Christian Gollier : Il faut tenir compte de tous les éléments de la productivité. L’activité économique d’une entreprise ou d’un salarié ne produit pas que des biens et services, elle produit aussi des externalités négatives comme des micro particules de gaz d’échappement et depuis les cheminées des centrales à charbon ou au gaz naturel.

Ce que l’on sait depuis longtemps c’est que le PIB n’est pas un indice de prospérité. Ce n’est pas le profit de l’entreprise, il faut donc intégrer dans la mesure de création de valeur sociétale d’une entreprise sa capacité à générer du pouvoir d’achat pour les employés, pour les actionnaires mais aussi tenir compte des externalités négatives dont des émissions de CO2. Idéalement cela se fait par un prix du carbone, on mettrait une valeur sur ce qui nous est cher : un environnement de qualité.

Chez Sandrine Rousseau, il y a un discours quelque peu étrange à ce propos. Elle est pour un prix du carbone. Être pour le prix du carbone, c’est être pour un mécanisme économique qui combine croissance et décarbonation. Comment alors comprendre son attitude « décroissantiste ». On ne cherche pas à décroitre des consommations, mais seulement celles qui sont les plus émettrices de CO2. La recommandation de Sandrine Rousseau consistant à mettre un prix du carbone fait cela. Pourquoi surjouer cette affaire en mettant un prix du carbone et en surjouant la déconsommation. L’un de des deux paraît superflue.

Vous avez publié une note pour lInstitut Montaigne sur la décarbonation de lEurope, quelles sont vos principales propositions et recommandation ?

Christian Gollier : Il faudrait tout d’abord intégrer un prix du carbone sur tout secteur émettant du CO2. Aujourd’hui, en Europe on a un prix du carbone seulement pour l’industrie et pour l’électricité, mais on n’en a pas pour le transport, le résidentiel, le maritime… Il faut qu’il y ait une ligne claire de politique de lutte contre le CO2 qui doit se faire par un prix uniforme pour l’ensemble des secteurs. Un deuxième marché des émissions doit donc être créé afin de couvrir les secteurs où la tarification carbone n’est pas appliquée.

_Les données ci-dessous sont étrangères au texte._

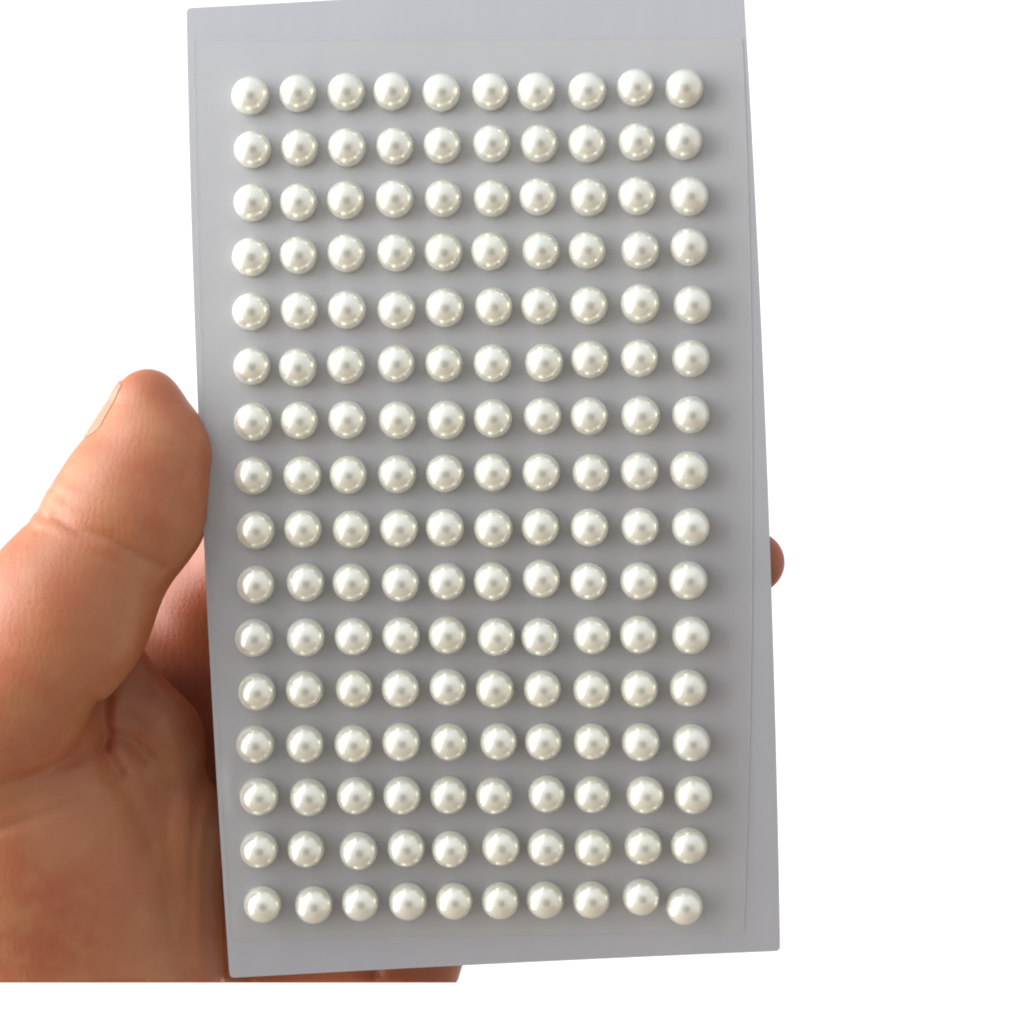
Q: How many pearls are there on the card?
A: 160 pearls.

Notre deuxième recommandation est de sortir du charbon le plus rapidement possible. C’est une action qui aura des impacts massifs sur le calcul des émissions par tête en Europe et peu coûteuse. En France, nous sortons déjà du charbon l’année prochaine, cette mesure doit être appliquée à la Pologne et l’Allemagne. Il s’agit d’une des actions les moins percutantes pour le pouvoir d’achat européen. Mais c’est un problème pour ces deux pays car la sortie du charbon représente des pertes d’emplois assez massives.

Pour compléter cela, nous devons être capable de stocker l’énergie de façon massive. Pour atteindre ce but nous devons investir sur la recherche et le développement sans cela nous n’arriverons pas à zéro émission nette en 2050.